Presented By O'Reilly and Cloudera
Make Data Work
December 1–3, 2015 • Singapore

Spark Camp: Exploring Wikipedia with Spark (Tackling a unified use case)

Sameer Farooqui (Databricks), Paco Nathan (, Reynold Xin (Databricks)
9:00am–5:00pm Tuesday, 12/01/2015
Spark & Beyond
Location: 328-329 Level: Intermediate
Average rating: ****.
(4.00, 20 ratings)

Prerequisite Knowledge

Basic programming experience in an object-oriented or functional language (the class will mostly be taught in Scala).

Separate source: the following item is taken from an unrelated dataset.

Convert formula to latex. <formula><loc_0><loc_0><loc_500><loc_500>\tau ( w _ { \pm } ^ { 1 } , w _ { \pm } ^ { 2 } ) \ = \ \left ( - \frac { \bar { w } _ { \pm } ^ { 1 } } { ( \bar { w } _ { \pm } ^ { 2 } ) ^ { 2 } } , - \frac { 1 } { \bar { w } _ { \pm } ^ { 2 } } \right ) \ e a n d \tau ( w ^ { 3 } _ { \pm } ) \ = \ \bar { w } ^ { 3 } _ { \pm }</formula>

This technical class is designed as an introduction for engineers, data scientists, and analysts with less than a month or so experience with Spark.


Sponsored by:

Computer Requirements

All of the hands-on labs for class will be run on the Databricks platform in a browser. Please bring a laptop with updated versions of Chrome or Firefox (Internet Explorer and Safari are not supported). You do not need Spark, Scala or Python installed on your laptop. The operating system of your laptop does not matter.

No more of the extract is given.